Reputation: 43
First off the html row looks like this:
<tr class="evenColor"> blahblah TheTextIneed blahblah and ends with </tr>
I would show the real html but I am sorry to say don't know how to block it. feels shame
Using BeautifulSoup (Python) or any other recommended Screen Scraping/Parsing method I would like to output about 1200 .htm files in the same directory into a CSV format. This will eventually go into an SQL database. Each directory represents a year and I plan to do at least 5 years.
I have been goofing around with glob
as the best way to do this from some advice. This is what I have so far and am stuck.
import glob
from BeautifulSoup import BeautifulSoup
for filename in glob.glob('/home/phi/data/NHL/pl0708/pl02*.htm'):
#these files go from pl020001.htm to pl021230.htm sequentially
soup = BeautifulSoup(open(filename["r"]))
for row in soup.findAll("tr", attrs={ "class" : "evenColor" })
I realize this is ugly but it's my first time attempting anything like this. This one problem has taken me months to get to this point after realizing that I don't have to manually go through thousands of files copy and pasting into excel. I have also realized that I can kick my computer repeatedly out of frustration and it still works (not recommended). I am getting close and I need to know what to do next to make those CSV files.
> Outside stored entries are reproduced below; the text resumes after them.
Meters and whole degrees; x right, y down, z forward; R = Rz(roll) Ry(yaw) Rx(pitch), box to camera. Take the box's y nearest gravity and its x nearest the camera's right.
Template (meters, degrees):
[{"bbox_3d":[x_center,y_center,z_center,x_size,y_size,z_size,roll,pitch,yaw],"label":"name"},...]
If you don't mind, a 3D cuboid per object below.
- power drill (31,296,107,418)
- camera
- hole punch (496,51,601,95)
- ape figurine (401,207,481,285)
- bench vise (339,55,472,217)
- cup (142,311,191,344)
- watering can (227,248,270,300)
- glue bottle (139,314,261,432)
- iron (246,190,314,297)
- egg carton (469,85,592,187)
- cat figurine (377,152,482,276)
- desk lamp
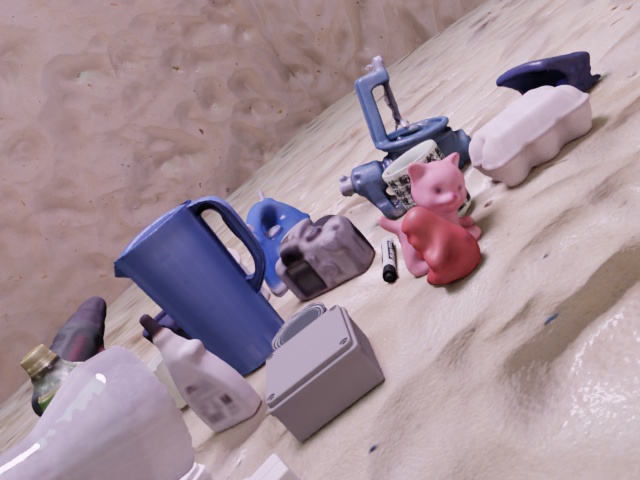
[{"bbox_3d":[-0.325,0.211,0.870,0.075,0.208,0.229,-35,15,16],"label":"power drill"},{"bbox_3d":[0.008,0.003,0.888,0.143,0.101,0.137,-29,17,35],"label":"camera"},{"bbox_3d":[0.328,-0.236,0.833,0.101,0.091,0.108,-44,15,-18],"label":"hole punch"},{"bbox_3d":[0.122,0.003,0.617,0.076,0.092,0.078,-32,16,27],"label":"ape figurine"},{"bbox_3d":[0.105,-0.157,0.890,0.207,0.220,0.121,-41,14,-5],"label":"bench vise"},{"bbox_3d":[-0.259,0.174,1.051,0.092,0.095,0.117,-45,15,-20],"label":"cup"},{"bbox_3d":[-0.182,0.056,1.015,0.172,0.194,0.101,-29,18,35],"label":"watering can"},{"bbox_3d":[-0.151,0.152,0.683,0.078,0.173,0.037,-32,16,27],"label":"glue bottle"},{"bbox_3d":[-0.093,-0.006,1.089,0.118,0.141,0.258,-35,15,18],"label":"iron"},{"bbox_3d":[0.265,-0.136,0.730,0.150,0.069,0.107,-38,14,4],"label":"egg carton"},{"bbox_3d":[0.129,-0.040,0.680,0.127,0.118,0.067,-36,15,14],"label":"cat figurine"},{"bbox_3d":[-0.159,0.217,0.421,0.117,0.214,0.203,-23,22,48],"label":"desk lamp"}]

Please help or my monitor finally gets hammer punched.
Upvotes: 1
Views: 6868
Reputation: 71939
You need to import the csv module by adding import csv
to the top of your file.
Then you'll need something to create a csv file outside your loop of the rows, like so:
writer = csv.writer(open("%s.csv" % filename, "wb"))
Then you need to actually pull the data out of the html row in your loop, similar to
values = (td.fetchText() for td in row)
writer.writerow(values)
Upvotes: 4
Reputation: 834
You don't really explain why you are stuck - what's not working exactly?
The following line may well be your problem:
soup = BeautifulSoup(open(filename["r"]))
It looks to me like this should be:
soup = BeautifulSoup(open(filename, "r"))
The following line:
for row in soup.findAll("tr", attrs={ "class" : "evenColor" })
looks like it will only pick out even rows (assuming your even rows have the class 'evenColor' and odd rows have 'oddColor'). Assuming you want all rows with a class of either evenColor or oddColor, you can use a regular expression to match the class value:
for row in soup.findAll("tr", attrs={ "class" : re.compile(r"evenColor|oddColor") })
Upvotes: 4
Reputation: 172249
That looks fine, and BeautifulSoup is useful for this (although I personally tend to use lxml). You should be able to take that data you get, and make a csv file out of is using the csv module without any obvious problems...
I think you need to actually tell us what the problem is. "It still doesn't work" is not a problem descripton.
Upvotes: 2